Celery is a full-featured distributed task queue commonly used with Django and Flask.

How it works

  1. Your app enqueues a task to a message broker (Redis or RabbitMQ).
  2. A worker process picks up the task from the queue and executes it.
  3. Task results can optionally be stored (e.g., in Redis or your database).

Setup

Install the basics:

pip install "celery[redis]" django-celery-results

Create a celery.py:

from celery import Celery

app = Celery("my_app")
app.config_from_object("django.conf:settings", namespace="CELERY")
app.autodiscover_tasks()

Use @shared_task for defining tasks:

from celery import shared_task

@shared_task(bind=True, autoretry_for=(Exception,), retry_backoff=3, retry_kwargs={"max_retries": 5})
def crunch_numbers(self, arg):
    ...

Run your worker:

celery -A my_app worker -l info

Deploying to Fly.io

Use fly launch to generate config and add Upstash Redis.

Update fly.toml:

[processes]
app = "gunicorn my_app.wsgi"
worker = "celery -A my_app worker -l info"

Then:

fly deploy
fly scale count worker=2

Region tip: Put your Redis instance and workers in the same region (e.g. ord, fra) to avoid unnecessary latency and weird race conditions.


Option 2: On-Demand Workers with Fly Machines

You don’t always need a persistent queue and worker pool. For low-frequency or one-off jobs, you can spin up a Fly Machine per task.

How it works

  1. Your app writes a job (params, metadata) to Redis/Valkey.
  2. It calls the Fly Machines API to spin up a temporary worker.
  3. The worker reads job data from Redis, runs it, and writes back the result.
  4. Your app polls Redis to check status and fetch results.
  5. You shut down the machine and clean up.

This is great for jobs that don’t happen often, and it keeps your infrastructure lean. You can reuse your app image or build a dedicated worker image.

Just make sure your job data and results are JSON-serializable.


Option 3: BullMQ (Node.js)

BullMQ is a Redis-backed queue system for Node.js apps. It works similarly to Celery:

  • Your app enqueues jobs to Redis/Valkey.
  • Workers pull jobs and execute them.
  • You get features like retries, rate limits, job delays, and concurrency control.

BullMQ plays nicely with TypeScript, has good docs, and integrates well with modern backend frameworks like NestJS.

Provision Redis via Upstash or use fly redis create.

Scale workers as needed based on job load and machine size:

const worker = new Worker("my-queue", async job => {
  // do your work here
}, { concurrency: 4 });

Other Options

If none of the above tools fit your stack or mental model, there are plenty of alternatives:

  • Sidekiq (Ruby): The de facto standard for background jobs in Ruby and Rails apps.
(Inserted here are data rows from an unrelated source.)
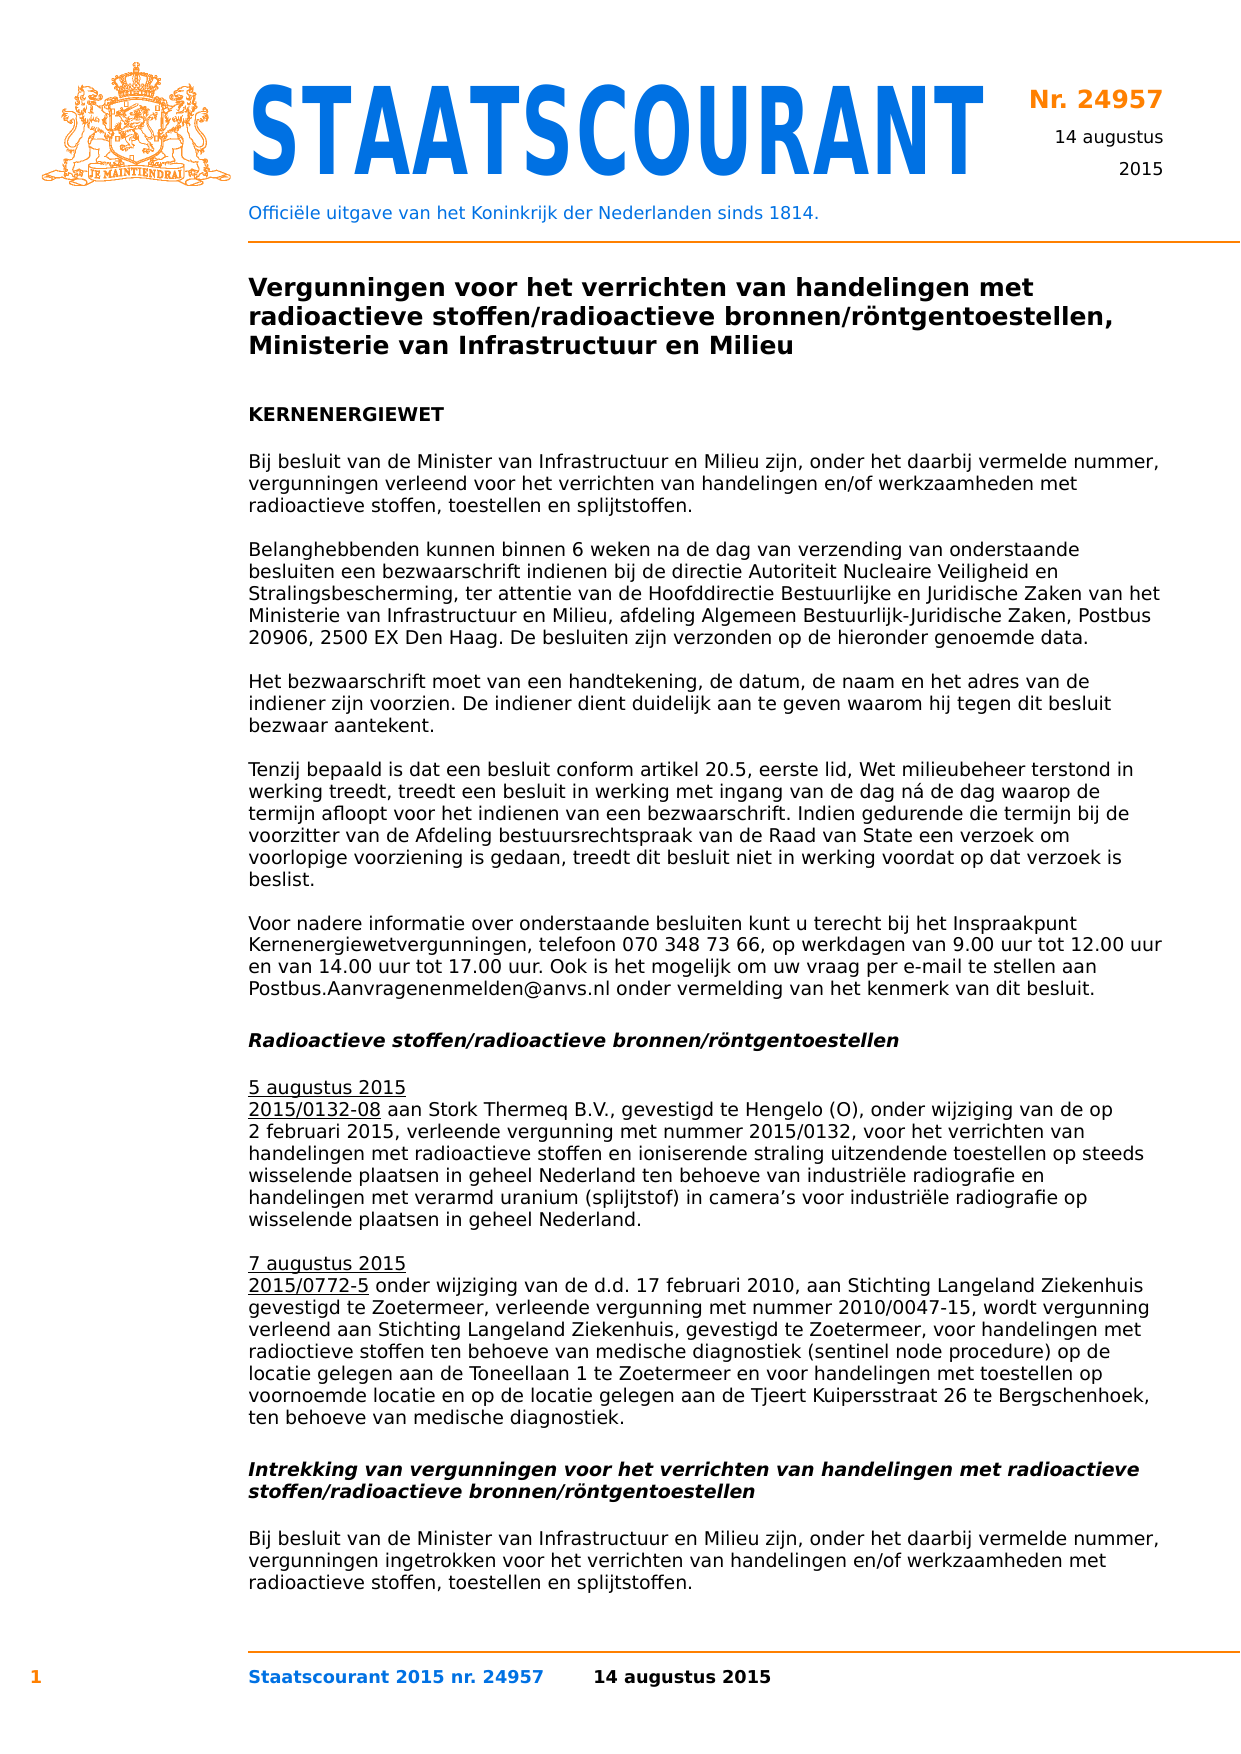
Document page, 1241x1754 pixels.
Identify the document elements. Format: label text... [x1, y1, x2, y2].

text Bij besluit van de Minister van Infrastructuur en Milieu zijn, onder het daarbij vermelde nummer, vergunningen verleend voor het verrichten van handelingen en/of werkzaamheden met radioactieve stoffen, toestellen en splijtstoffen. [248, 451, 1163, 517]
text 2015/0132-08 aan Stork Thermeq B.V., gevestigd te Hengelo (O), onder wijziging van de op 2 februari 2015, verleende vergunning met nummer 2015/0132, voor het verrichten van handelingen met radioactieve stoffen en ioniserende straling uitzendende toestellen op steeds wisselende plaatsen in geheel Nederland ten behoeve van industriële radiografie en handelingen met verarmd uranium (splijtstof) in camera’s voor industriële radiografie op wisselende plaatsen in geheel Nederland. [248, 1099, 1163, 1231]
text 7 augustus 2015 [248, 1253, 1163, 1275]
table_header Nr. 24957 [998, 62, 1240, 121]
table_cell Officiële uitgave van het Koninkrijk der Nederlanden sinds 1814. [248, 203, 1240, 241]
text Bij besluit van de Minister van Infrastructuur en Milieu zijn, onder het daarbij vermelde nummer, vergunningen ingetrokken voor het verrichten van handelingen en/of werkzaamheden met radioactieve stoffen, toestellen en splijtstoffen. [248, 1528, 1163, 1594]
table_header STAATSCOURANT [248, 62, 998, 203]
text 5 augustus 2015 [248, 1077, 1163, 1099]
subtitle Intrekking van vergunningen voor het verrichten van handelingen met radioactieve stoffen/radioactieve bronnen/röntgentoestellen [248, 1459, 1163, 1503]
subtitle KERNENERGIEWET [248, 404, 1163, 426]
subtitle Vergunningen voor het verrichten van handelingen met radioactieve stoffen/radioactieve bronnen/röntgentoestellen, Ministerie van Infrastructuur en Milieu [248, 273, 1163, 361]
text Voor nadere informatie over onderstaande besluiten kunt u terecht bij het Inspraakpunt Kernenergiewetvergunningen, telefoon 070 348 73 66, op werkdagen van 9.00 uur tot 12.00 uur en van 14.00 uur tot 17.00 uur. Ook is het mogelijk om uw vraag per e-mail te stellen aan Postbus.Aanvragenenmelden@anvs.nl onder vermelding van het kenmerk van dit besluit. [248, 912, 1163, 1000]
table_cell 2015 [998, 153, 1240, 203]
text 2015/0772-5 onder wijziging van de d.d. 17 februari 2010, aan Stichting Langeland Ziekenhuis gevestigd te Zoetermeer, verleende vergunning met nummer 2010/0047-15, wordt vergunning verleend aan Stichting Langeland Ziekenhuis, gevestigd te Zoetermeer, voor handelingen met radioctieve stoffen ten behoeve van medische diagnostiek (sentinel node procedure) op de locatie gelegen aan de Toneellaan 1 te Zoetermeer en voor handelingen met toestellen op voornoemde locatie en op de locatie gelegen aan de Tjeert Kuipersstraat 26 te Bergschenhoek, ten behoeve van medische diagnostiek. [248, 1275, 1163, 1429]
text Belanghebbenden kunnen binnen 6 weken na de dag van verzending van onderstaande besluiten een bezwaarschrift indienen bij de directie Autoriteit Nucleaire Veiligheid en Stralingsbescherming, ter attentie van de Hoofddirectie Bestuurlijke en Juridische Zaken van het Ministerie van Infrastructuur en Milieu, afdeling Algemeen Bestuurlijk-Juridische Zaken, Postbus 20906, 2500 EX Den Haag. De besluiten zijn verzonden op de hieronder genoemde data. [248, 539, 1163, 649]
table_cell 14 augustus [998, 121, 1240, 153]
picture [41, 62, 231, 186]
table_header [25, 62, 248, 241]
subtitle Radioactieve stoffen/radioactieve bronnen/röntgentoestellen [248, 1030, 1163, 1052]
text Tenzij bepaald is dat een besluit conform artikel 20.5, eerste lid, Wet milieubeheer terstond in werking treedt, treedt een besluit in werking met ingang van de dag ná de dag waarop de termijn afloopt voor het indienen van een bezwaarschrift. Indien gedurende die termijn bij de voorzitter van de Afdeling bestuursrechtspraak van de Raad van State een verzoek om voorlopige voorziening is gedaan, treedt dit besluit niet in werking voordat op dat verzoek is beslist. [248, 759, 1163, 891]
text Het bezwaarschrift moet van een handtekening, de datum, de naam en het adres van de indiener zijn voorzien. De indiener dient duidelijk aan te geven waarom hij tegen dit besluit bezwaar aantekent. [248, 671, 1163, 737]
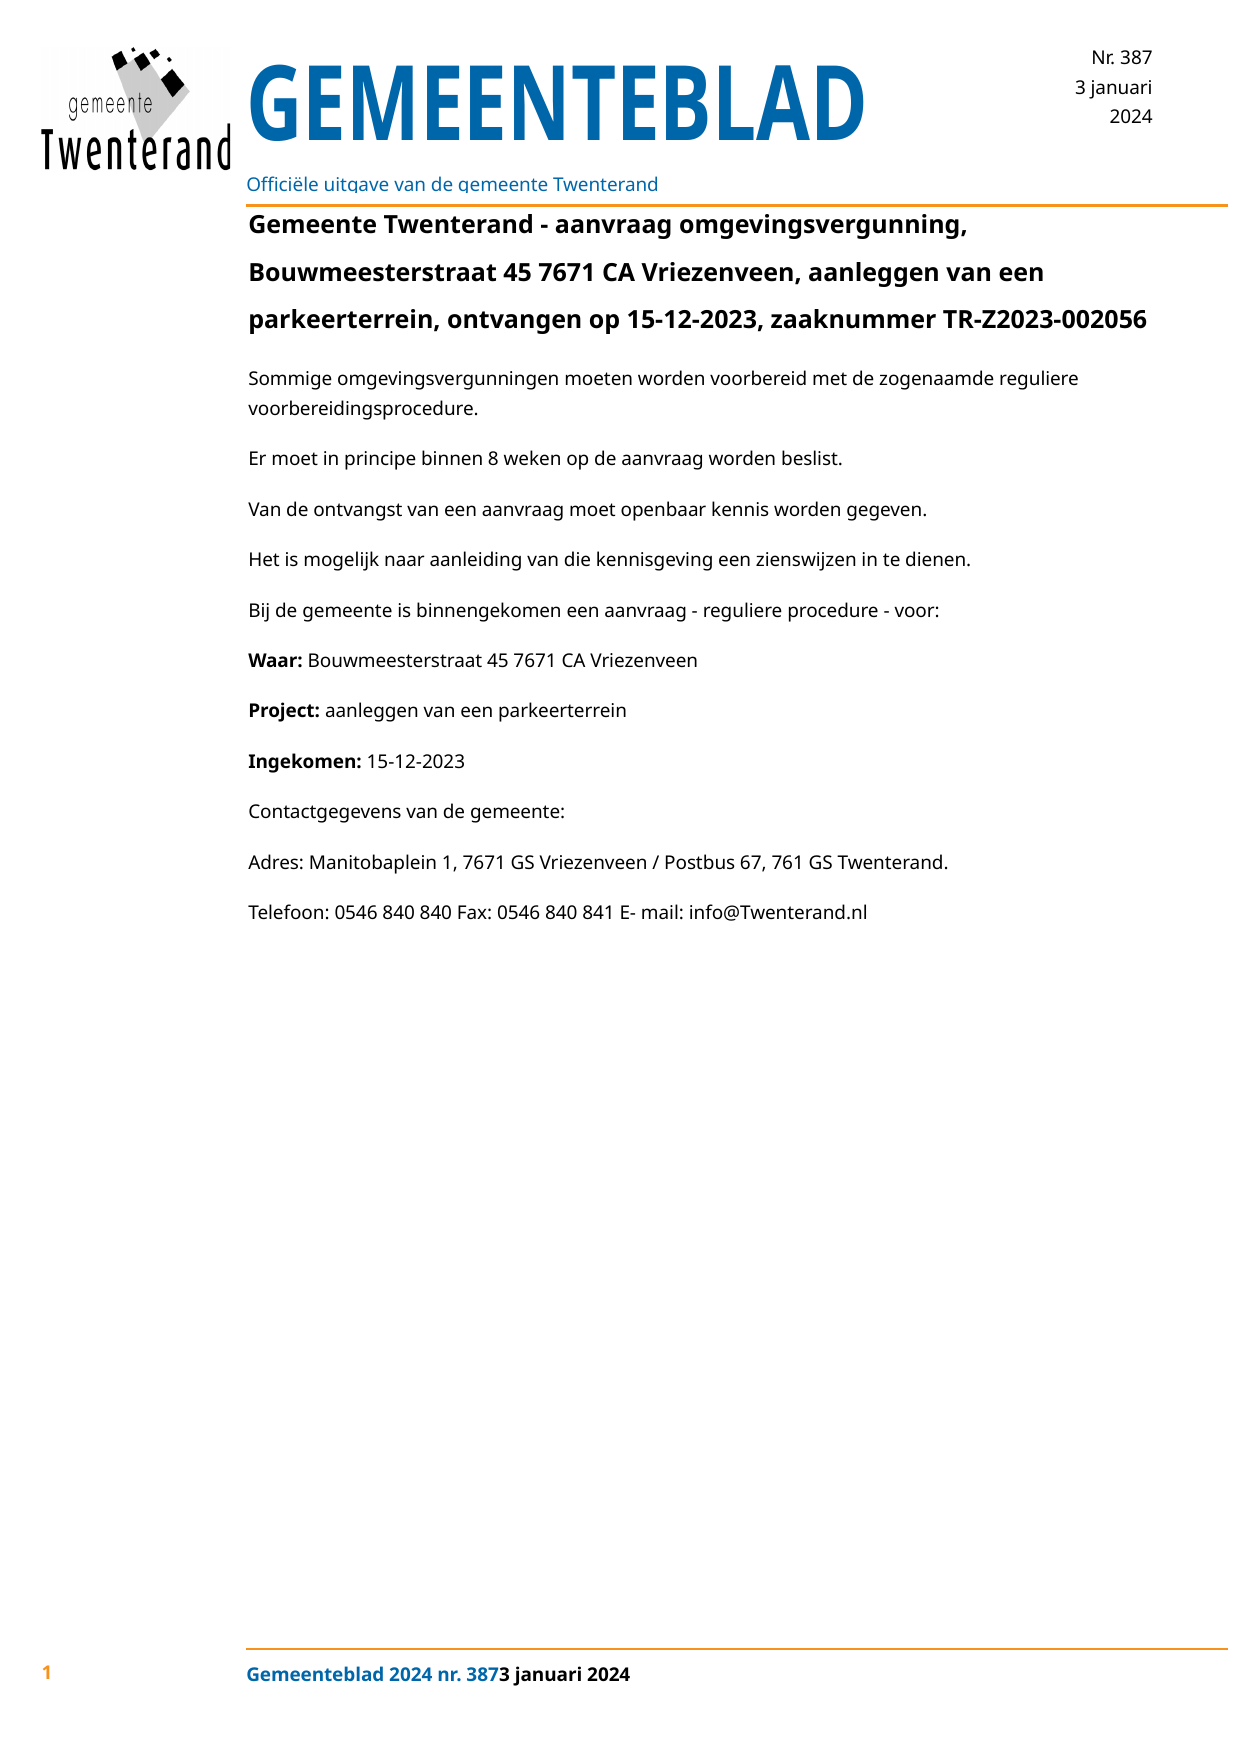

Redis-backed, battle-tested, and fast.
  • Oban (Phoenix) A robust background job processing library for Elixir
  • RQ (Python): A simpler, more lightweight job queue than Celery, great for smaller projects or simpler needs.

Most of these integrate with Redis/Valkey, some support more exotic brokers (like Postgres or Kafka), and all of them can be deployed on Fly.io with the right setup.


Final Notes

Whatever you do, don’t handle long-running jobs inside your HTTP request handlers. Use a job queue. Pick the right tool for your stack and use case, and let your web server get back to doing what it’s good at—responding fast and not melting down under load.